Proximal and distal pins should be inserted carefully in order not to conflict with the later plating procedure. For this purpose, safe positions are anterolaterally, or anteriorly, on the femur.
If no traction table is used, folded linen bolsters under the fracture zone may facilitate reduction.
AO teaching video: Application of the large distractor
Contouring of the plate over the fracture site is normally not necessary. However, in more proximal and distal fractures it is necessary to contour the ends of a conventional plate to address the anatomy of the proximal and distal femur.
A locking plate does not have to be contoured at all, but to avoid soft tissue irritations, slight contouring may be necessary.
Contouring is easier when performed after provisional reduction has been achieved. For provisional reduction, traction, or a large distractor / external fixator, can be applied.
In the open technique a malleable template is helpful for matching the contours of the proximal and distal segments.
If the preliminary reduction - using for example a traction table - is already optimal with respect to axis, length and rotation, the main fragments are fixed in this position, choosing the optimal screw positions for a bridging technique.
For an optimal outcome, the preliminary reduction frequently needs some final fine adjustment. In those cases, the final fine reduction will be performed, either using the implant, or open reduction techniques.
Nevertheless, even in an open procedure, the stepwise reduction of the fracture towards the implant can be achieved as described in the closed reduction, but in a less challenging open manner.
Next, the open procedure is described using direct reduction techniques.
After exposure of the lateral aspect of the femur, the appropriate contoured plate is held onto the main fragments using Verbrugge forceps.
The longer a fracture zone, the more difficult the evaluation of the correct reduction becomes.

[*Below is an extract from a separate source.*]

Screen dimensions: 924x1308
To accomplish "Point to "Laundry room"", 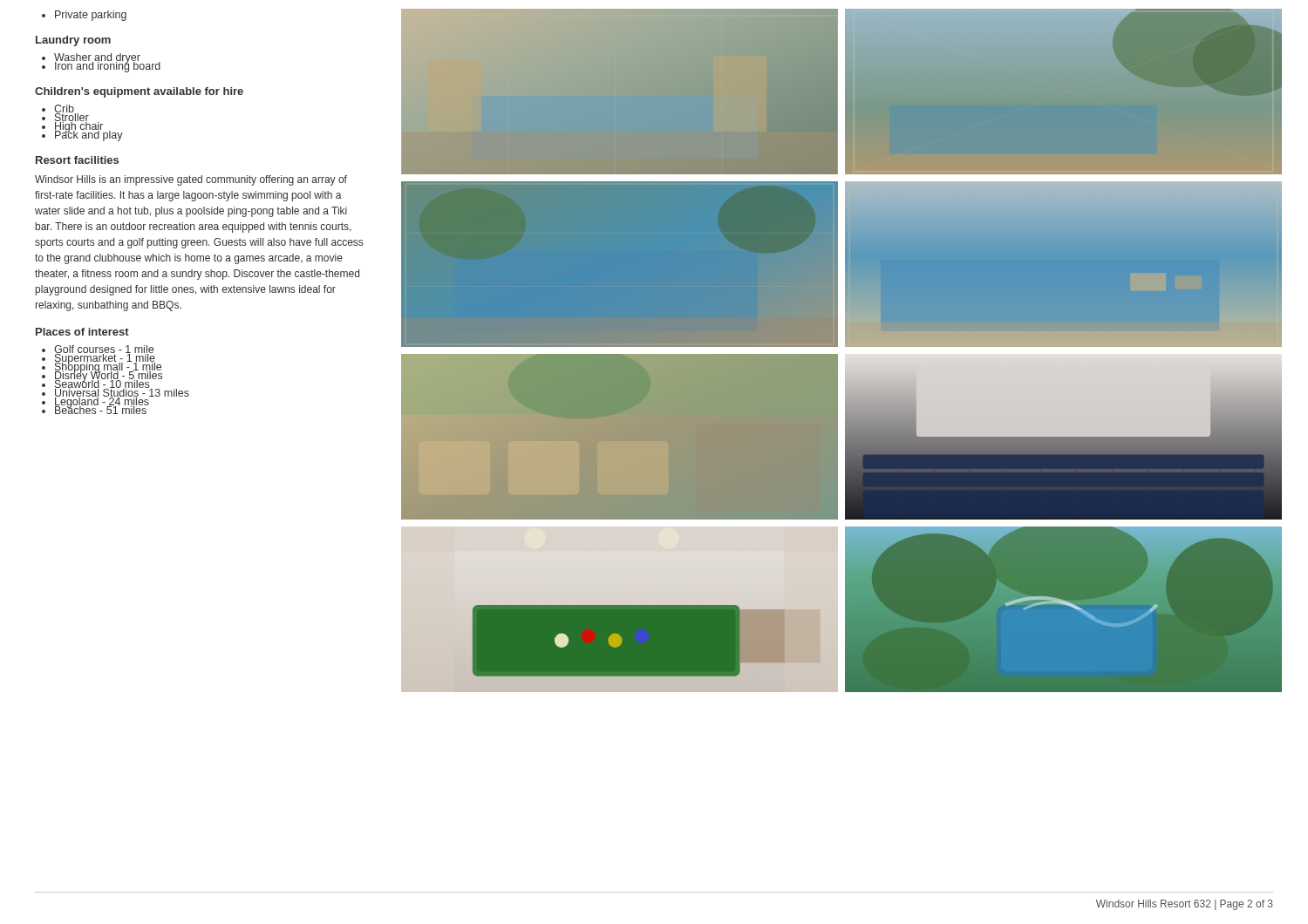I will point(73,40).

In such cases, indirect indicators must be used to assess reduction, especially to check rotation.
To assess rotation, the shape of the lesser trochanter is compared with the contralateral side (lesser trochanter shape sign).
The contralateral leg is then rotated so that its lesser trochanteric profile matches the injured side.
By rotating the injured leg, either with the traction table or through manual traction, the distal fragment alone is rotated until the patella orientation is similar to that on the uninjured contralateral side. The position of the lesser trochanter must not be changed. This is best done without the plate clamped to the distal fragment.
A K-wire can be applied in the distal most hole to maintain the three dimensional reduction.
The plate should be fixed to each main fragment with at least three bicortical screws (six cortical holds).
Alternative: If a locking plate (internal fixator) is used, four locking-head screws are inserted into each main fragment. The advantage of an internal fixator is that the plate does not need to be anatomically contoured.
Close monitoring of the femoral muscle compartments should be carried out especially during the first 48 hours, in order to rule out compartment syndrome.
In all cases in which radiological control has not been used during the procedure, a check x-ray to determine the correct placement of the implant and fracture reduction should be taken within 24 hours.
Unless there are other injuries or complications, mobilization may be started on postoperative day 1. Static quadriceps exercises with passive range of motion of the knee should be encouraged. If a continuous passive motion device is used, this must be discontinued at regular intervals for the essential static muscle exercises. Afterwards special emphasis should be placed on active knee and hip movement.
Full weight bearing may be performed with crutches or a walker.
Wound healing should be assessed regularly within the first two weeks. Subsequently a 6 and 12 week clinical and radiological follow-up is usually made. A longer period may be required if the fracture healing is delayed.
Implant removal is not mandatory and should be discussed with the patient, if there are implant-related symptoms after consolidated fracture healing.